Mr. Rainsy was not a candidate in the July 28 election because he was a convicted criminal at the time the party’s candidate list was submitted to the National Election Committee. But if one of the CNRP’s current elected National Assembly members resigns, along with all of its reserve candidates in a given constituency, Mr. Rainsy can take a seat in Parliament.
“After registration, his party’s candidates—both full candidates and reserve candidates—must all resign if they want His Excellency Sam Rainsy to appear on the candidate list,” Mr. Vun said.
Mr. Vun’s remarks came after senior CPP lawmaker and de facto party spokesman Cheam Yeap said last week that Mr. Rainsy had “no chance” of working as a lawmaker at the National Assembly in the fifth mandate.
Mr. Vun added that any decision to re-instate Mr. Rainsy as a lawmaker would not be a matter of compromise between the ruling CPP and CNRP, since there are already provisions in the law for such an eventuality.
Also Friday, Mr. Vun welcomed a decision made earlier in the day by the Constitutional Council of Cambodia to open sealed election documents showing the number of votes cast at each polling station. The CNRP has said the sealed documents must be consulted for a credible investigation into irregularities to go ahead.
Opposition leader Sam Rainsy on Friday visited vendors in Phnom Penh’s Olympic and Russian markets and appealed to voters disgruntled by preliminary election results awarding a victory to the CPP to join a planned opposition rally at Freedom Park on Monday.
As he toured both markets, Mr. Rainsy embraced his supporters as the animated crowds offered him gifts of flowers and jockeyed to take photographs and videos of the opposition leader.
Opposition party president Sam Rainsy visits shoppers and vendors at Phnom Penh’s Olympic Market on Friday in an attempt to generate support ahead of a large CNRP rally scheduled for Monday at Freedom Park. (Siv Channa)
“I am very happy and excited to meet with the vendors today because they have a special relationship with me—we are like siblings,” said Mr. Rainsy, who walked around the crowded markets unencumbered by any police or security guards.

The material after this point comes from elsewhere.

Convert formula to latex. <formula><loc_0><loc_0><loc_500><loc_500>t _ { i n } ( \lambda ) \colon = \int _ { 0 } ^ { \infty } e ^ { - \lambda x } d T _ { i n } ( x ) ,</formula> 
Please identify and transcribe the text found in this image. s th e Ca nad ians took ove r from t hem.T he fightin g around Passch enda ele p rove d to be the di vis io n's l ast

Speaking to reporters at Russian Market, the second of the two markets he visited during the course of the morning, Mr. Rainsy reiterated his party’s stance that CNRP lawmakers will not sit in the National Assembly until a solution to the impasse over allegations of irregularities during the July 28 national election is reached.

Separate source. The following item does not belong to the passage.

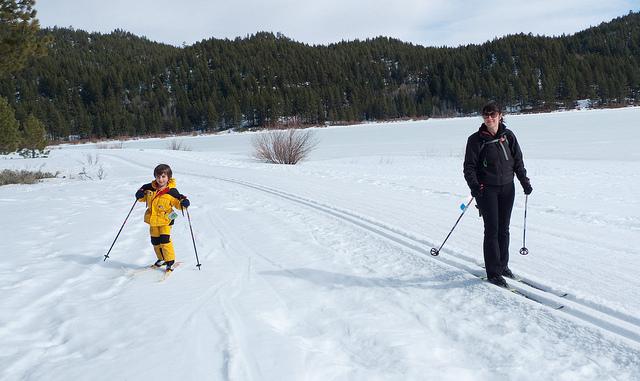Are these two adults?
Be succinct. No. Is the little boy skiing on his own?
Quick response, please. Yes. What kind of trees are in the back?
Give a very brief answer. Pine.

“When we have justice for the people and earn their trust by not allowing [the CPP] to defraud voters and have an election victory that people accept—at that time we will join the meeting of the National Assembly,” he said.
Mr. Rainsy also told vendors that he hoped they would support his party’s attempts to bring transparency to the election by joining a rally at Freedom Park in Phnom Penh on Monday, though he continued to underline that the event should not be considered a demonstration against the election results, but rather an opportunity to inform supporters of the country’s current political situation.
“I hope that a lot of people will join in the gathering—but this is a rally, not a demonstration,” he said.
With the CNRP expecting at least 10,000 people to turn out for the rally, authorities have been engaged in a counter-campaign to discourage people from taking part, with a visible security buildup and ominous rhetoric seeking to frighten supporters and keep them from participating.
Authorities even circulated petitions at Phnom Penh markets asking people to support preliminary results showing a win for the CPP and promising not to join any demonstration called by the opposition.
Vendors, motorcycle taxi and cyclo drivers around O’Russei Market reported that market staff had gone around Monday intimidating people into giving their thumbprint, while NGOs said that several other communes around the city also complained of feeling pressured into endorsing similar petitions.
But on Friday, the vendors at Olympic and Russian markets expressed optimism that Mr. Rainsy and his party could help bring an end to the current political stalemate.
“I support Mr. Rainsy and he comes to the market to visit us,” said a 56-year-old market vendor, who gave her name only as Ms. Long for fear of reprisals.
“People believe that the Cambodia National Rescue Party had an election victory, but we don’t know why it was changed like this,” she added.
A 28-year-old pork vendor at Russian Market, who declined to give his name, said that he hoped Mr. Rainsy could become prime minister because he would bring more prosperity to his business.
“I think that he is a good leader for Cambodia and I hope that he will help our vendors to sell more and more goods,” he said.
CNRP officials met on Friday with Phnom Penh governor Pa Socheatvong to discuss final security arrangements for Monday’s rally, which is scheduled to begin at 4 p.m.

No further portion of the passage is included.